Search Menu Globe Arrow Right Close
CS-Blog
Cedars-Sinai Blog

The Long Path to Bone Marrow Transplantation

Cedars-Sinai bone marrow transplant patient Cathy Griffin.

Not much can intimidate Cathy Griffin. Her job is to interview celebrities—the kind who might leave the average person starstruck are just the people she talks to at work.

She's quick with a question and a follow-up question, and perhaps a few more follow-up questions after that.

When she was diagnosed with leukemia in 2018, she leaned into many of these same reporting skills to get her through it. Those skills alone weren't enough.

"Really ask questions, trust your doctors and nurses, but realize they're human, too," says Cathy, 62, remembering her long journey to a cancer-free life. "I can't say relax because I didn't relax much.
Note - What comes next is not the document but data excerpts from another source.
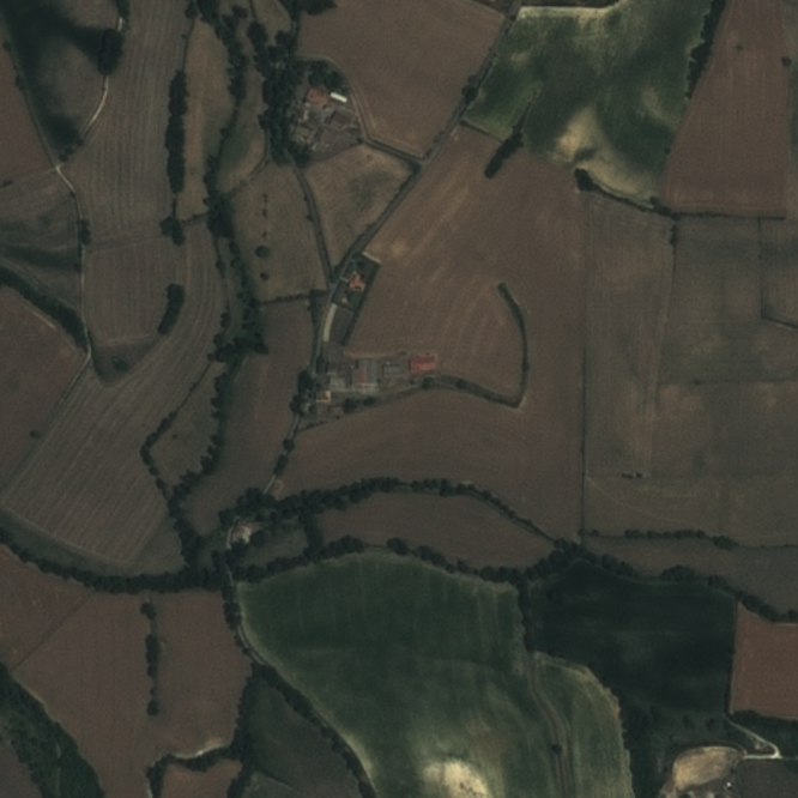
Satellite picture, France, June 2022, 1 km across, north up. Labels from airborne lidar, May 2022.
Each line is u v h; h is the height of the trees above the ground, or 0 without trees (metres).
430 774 0
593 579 0
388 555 0
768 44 0
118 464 0
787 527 0
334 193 0
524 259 0
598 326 0
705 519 0
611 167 0
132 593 12
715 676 0
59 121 0
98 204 0
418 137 0
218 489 0
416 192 0
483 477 0
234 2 0
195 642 0
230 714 0
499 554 0
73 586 0
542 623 0
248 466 0
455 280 0
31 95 0
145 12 0
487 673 0
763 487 0
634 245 0
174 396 0
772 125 0
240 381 0
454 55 0
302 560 14
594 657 0
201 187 0
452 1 0
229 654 0
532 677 0
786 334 0
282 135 8
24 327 0
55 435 0
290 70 9
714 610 0
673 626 0
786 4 0
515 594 0
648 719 11
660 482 0
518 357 0
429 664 0
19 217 0
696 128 0
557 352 0
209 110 0
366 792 15
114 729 0
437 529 0
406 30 0
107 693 0
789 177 0
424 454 0
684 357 0
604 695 0
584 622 0
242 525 0
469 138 0
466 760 0
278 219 0
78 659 0
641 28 0
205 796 0
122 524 0
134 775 0
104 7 0
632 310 0
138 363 0
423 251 0
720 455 0
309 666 0
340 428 0
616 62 0
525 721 0
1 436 0
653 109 0
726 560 0
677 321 0
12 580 0
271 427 0
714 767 0
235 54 15
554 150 0
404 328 0
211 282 0
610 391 0
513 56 0
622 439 0
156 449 0
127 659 0
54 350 0
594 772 0
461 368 0
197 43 0
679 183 0
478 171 0
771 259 0
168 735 0
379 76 0
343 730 0
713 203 0
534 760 0
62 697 0
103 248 0
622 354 0
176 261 0
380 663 0
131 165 0
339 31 0
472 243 0
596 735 0
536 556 0
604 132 0
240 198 0
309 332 0
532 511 0
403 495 0
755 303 0
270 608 0
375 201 0
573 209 0
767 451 0
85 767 13
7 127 0
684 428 0
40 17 0
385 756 0
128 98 0
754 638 0
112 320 0
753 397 0
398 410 0
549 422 0
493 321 0
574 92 0
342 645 0
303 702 21
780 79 0
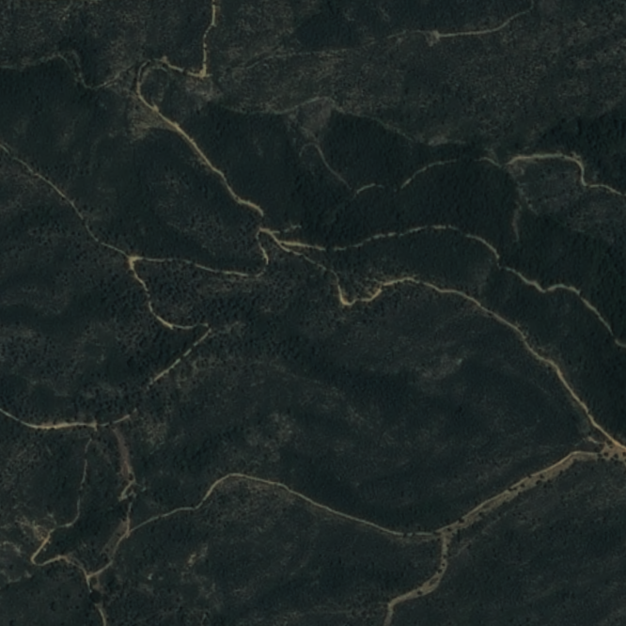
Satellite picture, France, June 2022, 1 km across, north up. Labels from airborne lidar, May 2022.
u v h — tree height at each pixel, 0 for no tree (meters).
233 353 8
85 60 8
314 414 7
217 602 0
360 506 6
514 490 6
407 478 6
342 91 6
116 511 11
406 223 8
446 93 6
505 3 7
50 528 0
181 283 10
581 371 6
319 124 0
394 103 5
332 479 8
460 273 6
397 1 6
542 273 6
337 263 10
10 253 9
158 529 11
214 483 0
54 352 12
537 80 7
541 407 6
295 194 11
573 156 7
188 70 7
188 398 6
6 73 8
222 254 8
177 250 7
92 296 9
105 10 7
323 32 7
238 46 7
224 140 8
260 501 0
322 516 0
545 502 0
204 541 5
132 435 9
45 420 10
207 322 12
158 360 13
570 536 7
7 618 0
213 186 7
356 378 8
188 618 7
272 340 10
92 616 13
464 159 7
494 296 6
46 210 10
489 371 8
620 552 6
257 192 6
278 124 7
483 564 6
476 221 7
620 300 6
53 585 0
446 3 6
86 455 8
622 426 8
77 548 6
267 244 10
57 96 7
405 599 0
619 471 0
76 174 7
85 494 10
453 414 7
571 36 6
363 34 7
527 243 7
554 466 0
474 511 0
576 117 11
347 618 0
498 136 8
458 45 6
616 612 0
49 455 11
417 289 8
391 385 8
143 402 13
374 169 8
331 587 7
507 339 7
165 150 10
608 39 9
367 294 7
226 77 0
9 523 0
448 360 0
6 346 11
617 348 6
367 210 7
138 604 9
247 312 9
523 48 0
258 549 0
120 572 0
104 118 6
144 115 0
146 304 8
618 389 7
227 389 7
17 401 12
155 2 7
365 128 9
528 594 5
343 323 9
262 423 7
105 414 8
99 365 0
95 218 0
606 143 12
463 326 7
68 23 10
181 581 0
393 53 7
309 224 9
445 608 8
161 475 0
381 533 0
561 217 7
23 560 0
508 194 6
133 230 6
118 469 7
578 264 7
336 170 6
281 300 10
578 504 0
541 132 9
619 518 9
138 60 8
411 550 0
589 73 10
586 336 8
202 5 7
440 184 8
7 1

Ask for help. Learn as much as you can and have faith."


"Really ask questions, trust your doctors and nurses, but realize they're human, too. I can't say relax because I didn't relax much. Ask for help. Learn as much as you can and have faith."


Cathy hadn't been admitted to a hospital in 20 years, but she started feeling fatigue and shortness of breath. She initially blamed her symptoms on the heat, but she realized her condition was more serious when she couldn't get more than a couple steps into her walks with her Maltese dog, Marcel.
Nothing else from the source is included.